» PROBLEM REQUIREMENTS
A faithful copy of every record is needed here. Images must not appear in it.

» Records drawn from a dataset
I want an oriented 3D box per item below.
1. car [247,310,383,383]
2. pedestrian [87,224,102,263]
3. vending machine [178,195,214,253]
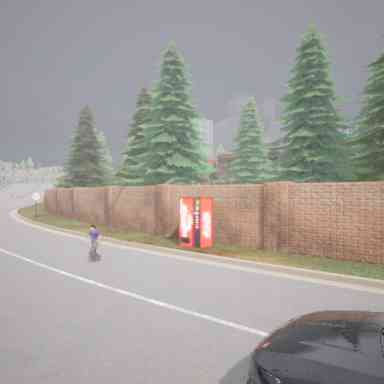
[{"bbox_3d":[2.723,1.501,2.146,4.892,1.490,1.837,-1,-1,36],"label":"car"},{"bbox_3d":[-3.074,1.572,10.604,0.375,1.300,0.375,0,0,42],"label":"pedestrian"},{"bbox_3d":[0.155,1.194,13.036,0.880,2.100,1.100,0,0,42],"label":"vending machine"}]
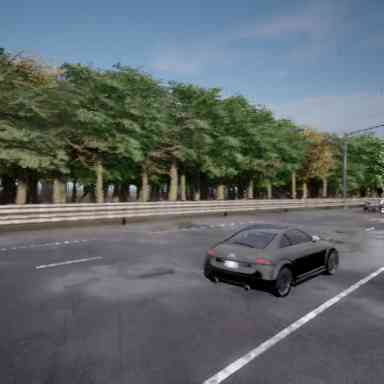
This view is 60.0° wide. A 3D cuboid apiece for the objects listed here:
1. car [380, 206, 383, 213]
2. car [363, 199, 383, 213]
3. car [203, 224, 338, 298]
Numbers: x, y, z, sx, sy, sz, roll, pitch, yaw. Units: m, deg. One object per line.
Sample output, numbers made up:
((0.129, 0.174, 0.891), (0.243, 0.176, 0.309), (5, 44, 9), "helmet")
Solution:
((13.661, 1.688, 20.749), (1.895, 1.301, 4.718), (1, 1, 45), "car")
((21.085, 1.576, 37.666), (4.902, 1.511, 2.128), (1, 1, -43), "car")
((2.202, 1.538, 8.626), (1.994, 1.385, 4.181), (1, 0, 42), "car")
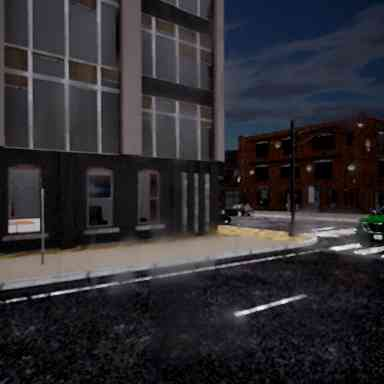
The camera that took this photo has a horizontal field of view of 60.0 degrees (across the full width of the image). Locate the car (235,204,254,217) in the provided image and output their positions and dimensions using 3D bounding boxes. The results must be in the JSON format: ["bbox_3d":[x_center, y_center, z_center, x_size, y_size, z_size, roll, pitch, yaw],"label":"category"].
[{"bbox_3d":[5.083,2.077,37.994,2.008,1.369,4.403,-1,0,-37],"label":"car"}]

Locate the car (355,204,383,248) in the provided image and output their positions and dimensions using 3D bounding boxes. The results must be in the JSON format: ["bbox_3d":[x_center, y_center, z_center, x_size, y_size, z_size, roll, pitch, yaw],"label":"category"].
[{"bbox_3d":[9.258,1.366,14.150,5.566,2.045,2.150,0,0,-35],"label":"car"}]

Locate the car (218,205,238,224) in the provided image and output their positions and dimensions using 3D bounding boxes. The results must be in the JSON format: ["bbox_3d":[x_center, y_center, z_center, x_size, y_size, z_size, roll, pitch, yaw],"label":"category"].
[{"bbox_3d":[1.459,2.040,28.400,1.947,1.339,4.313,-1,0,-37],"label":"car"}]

» RESPONSE AREA
I want an oriented 3D box per item below.
1. car [247,310,383,383]
2. pedestrian [87,224,102,263]
3. vending machine [178,195,214,253]
[{"bbox_3d":[2.723,1.501,2.146,4.892,1.490,1.837,-1,-1,36],"label":"car"},{"bbox_3d":[-3.074,1.572,10.604,0.375,1.300,0.375,0,0,42],"label":"pedestrian"},{"bbox_3d":[0.155,1.194,13.036,0.880,2.100,1.100,0,0,42],"label":"vending machine"}]
This view is 60.0° wide. A 3D cuboid apiece for the objects listed here:
1. car [380, 206, 383, 213]
2. car [363, 199, 383, 213]
3. car [203, 224, 338, 298]
Numbers: x, y, z, sx, sy, sz, roll, pitch, yaw. Units: m, deg. One object per line.
Sample output, numbers made up:
((0.129, 0.174, 0.891), (0.243, 0.176, 0.309), (5, 44, 9), "helmet")
Solution:
((13.661, 1.688, 20.749), (1.895, 1.301, 4.718), (1, 1, 45), "car")
((21.085, 1.576, 37.666), (4.902, 1.511, 2.128), (1, 1, -43), "car")
((2.202, 1.538, 8.626), (1.994, 1.385, 4.181), (1, 0, 42), "car")
The camera that took this photo has a horizontal field of view of 60.0 degrees (across the full width of the image). Locate the car (235,204,254,217) in the provided image and output their positions and dimensions using 3D bounding boxes. The results must be in the JSON format: ["bbox_3d":[x_center, y_center, z_center, x_size, y_size, z_size, roll, pitch, yaw],"label":"category"].
[{"bbox_3d":[5.083,2.077,37.994,2.008,1.369,4.403,-1,0,-37],"label":"car"}]

Locate the car (355,204,383,248) in the provided image and output their positions and dimensions using 3D bounding boxes. The results must be in the JSON format: ["bbox_3d":[x_center, y_center, z_center, x_size, y_size, z_size, roll, pitch, yaw],"label":"category"].
[{"bbox_3d":[9.258,1.366,14.150,5.566,2.045,2.150,0,0,-35],"label":"car"}]

Locate the car (218,205,238,224) in the provided image and output their positions and dimensions using 3D bounding boxes. The results must be in the JSON format: ["bbox_3d":[x_center, y_center, z_center, x_size, y_size, z_size, roll, pitch, yaw],"label":"category"].
[{"bbox_3d":[1.459,2.040,28.400,1.947,1.339,4.313,-1,0,-37],"label":"car"}]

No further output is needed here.